Hi all,
A week or so ago someone on StackOverflow asked why their Python code for connecting to an IPv6 link-local address wasn't working, and I replied that since it was a link-local address they needed to add a %en0 (or whatever the desired local-interface-name is) suffix to their target IP address. I thought I knew what I was talking about, so I didn't actually test my suggestion before answering (shame on me!).
Today I went to use that same technique for myself, only to find that it doesn't seem to work. :^( That is, this code does not work:
>>> from socket import *
>>> s = socket(AF_INET6, SOCK_STREAM)
>>> s.connect(('fe80::21f:5bff:fe3f:1b36%en0', 2001))

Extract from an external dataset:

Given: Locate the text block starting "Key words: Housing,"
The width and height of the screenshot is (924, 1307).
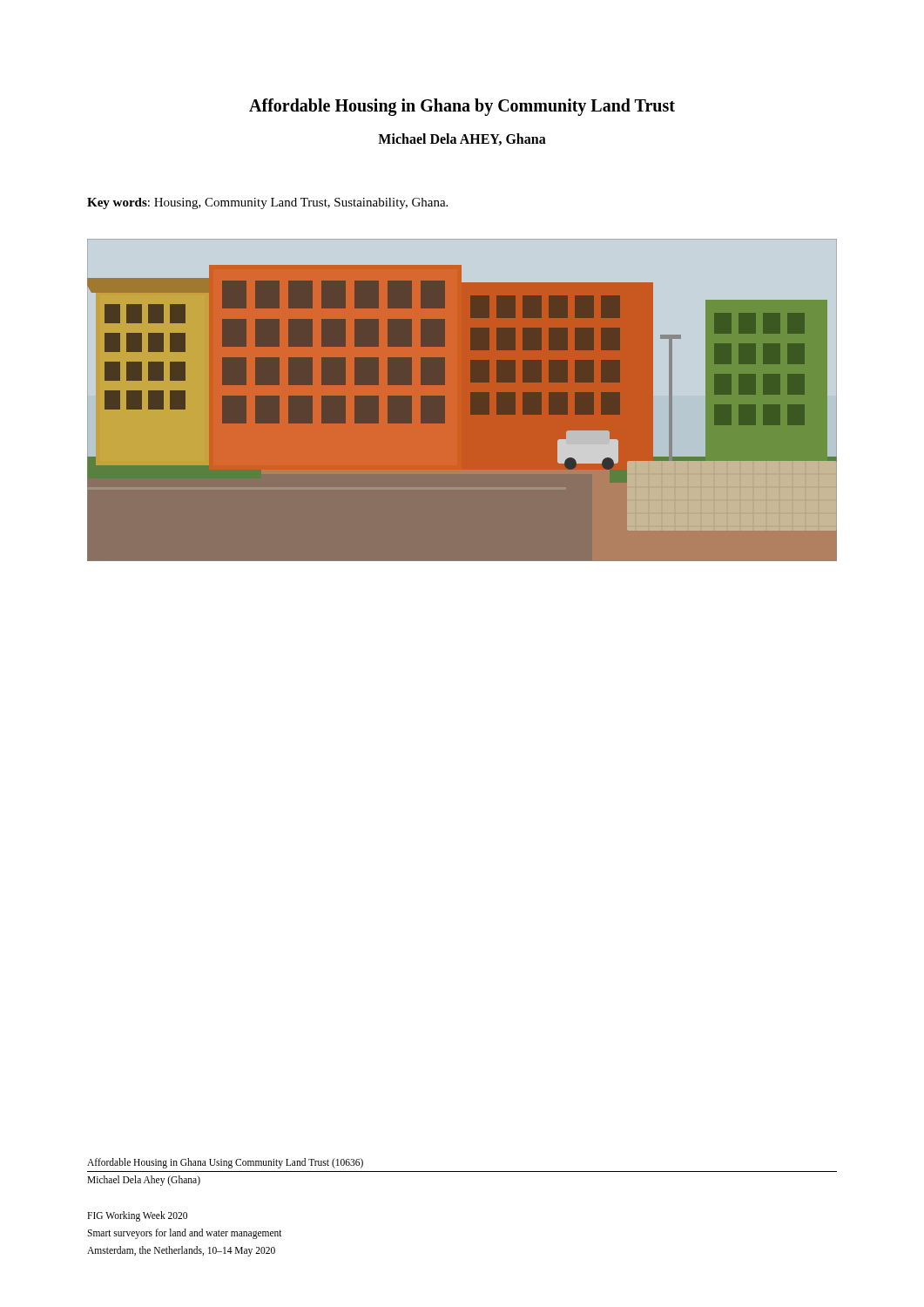Looking at the screenshot, I should point(268,202).

Traceback (most recent call last):
File "<stdin>", line 1, in <module>
File "<string>", line 1, in connect
socket.error: [Errno 65] No route to host
The following code, on the other hand, DOES work (with or without the %en0 suffix):
>>> from socket import *
>>> s = socket(AF_INET6, SOCK_STREAM)
>>> s.connect(('fe80::21f:5bff:fe3f:1b36%en0', 2001, 0, 6))
>>>
... but I don't like doing it that way, because in order to figure out which scope ID integer to supply for the last argument, I have to execute a bunch of not-very-portable code to iterate over the local interfaces list, find the interface named 'en0', and extract its scope ID, which is more complexity overhead than I'd like to have.
Given that connect() is accepting the %en0 suffix to the IP address, why isn't it actually using it as expected to determine the scope ID?
FWIW, I am testing with Python 2.6.1 under MacOS/X 10.6.4.